È poi indirizzo pacifico in giurisprudenza quello secondo cui la responsabilità contrattuale dell’appaltatore nei confronti del committente è compatibile con l’affermazione – tanto in via autonoma, quanto in sede di eventuale rivalsa – di un’analoga responsabilità verso l’appaltatore in capo ai soggetti cui l’opera sia stata dallo stesso subappaltata (art. 1670 c.c.) ovvero che, rispetto a tale opera, abbiano svolto, su suo incarico, l’attività di progettista e di direttore dei lavori, tutte le volte in cui il Giudice di merito accerti, in fatto, che i vizi o i difetti dell’opera, previsti dagli artt. 1667 e 1669 c.c., siano imputabili alle loro inadempienze verso l’appaltatore (Cass. civ., sez. II, 17 dicembre 2019, n. 33422).
E così, se dall’edificazione di una costruzione in violazione delle norme sulle distanze legali sia derivato l’obbligo del committente della riduzione in pristino, sussiste il diritto di rivalsa del committente nei confronti del progettista e del direttore dei lavori, qualora l’irregolare ubicazione della costruzione sia conforme al progetto, in quanto il fatto illecito, consistente nella realizzazione di un edificio in violazione delle distanze legali rispetto al fondo del vicino, è legato da un nesso causale con il comportamento del professionista che ha predisposto il progetto e diretto i lavori (Cass. civ. sez. II, 11 marzo 2019, n. 6917).

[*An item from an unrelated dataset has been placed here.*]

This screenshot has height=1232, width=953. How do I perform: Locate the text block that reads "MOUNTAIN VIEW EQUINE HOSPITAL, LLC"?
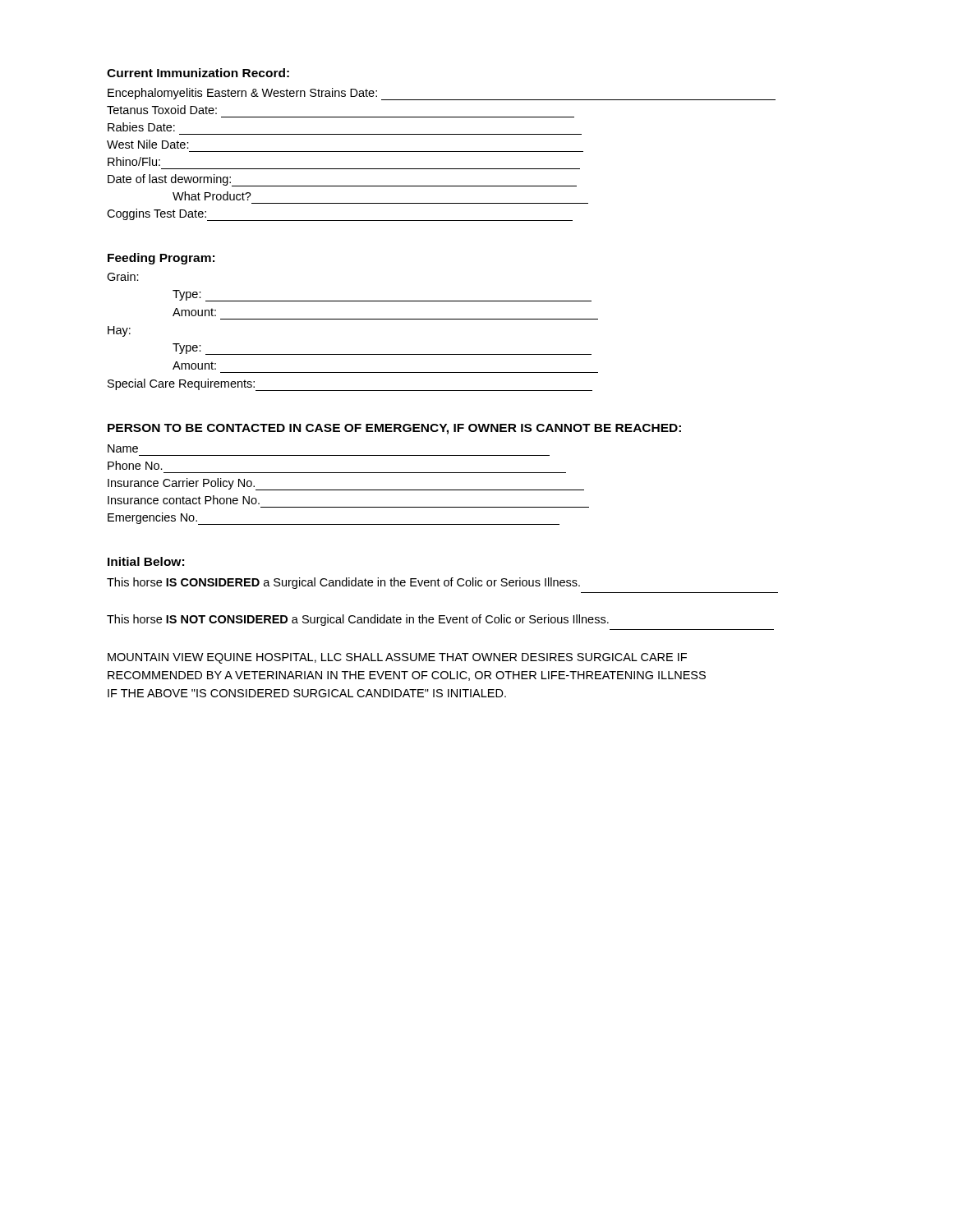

Si consideri ancora che: «l’appaltatore risponde per i difetti della costruzione derivanti (pure) da vizi della cosa anche laddove gli stessi siano ascrivibili alla imperfetta od erronea progettazione fornitagli dal committente, in tal caso prospettandosi l’ipotesi della responsabilità solidale con il progettista, a sua volta responsabile nei confronti del committente per inadempimento del contratto d’opera professionale ex art. 2235 c.c. (…).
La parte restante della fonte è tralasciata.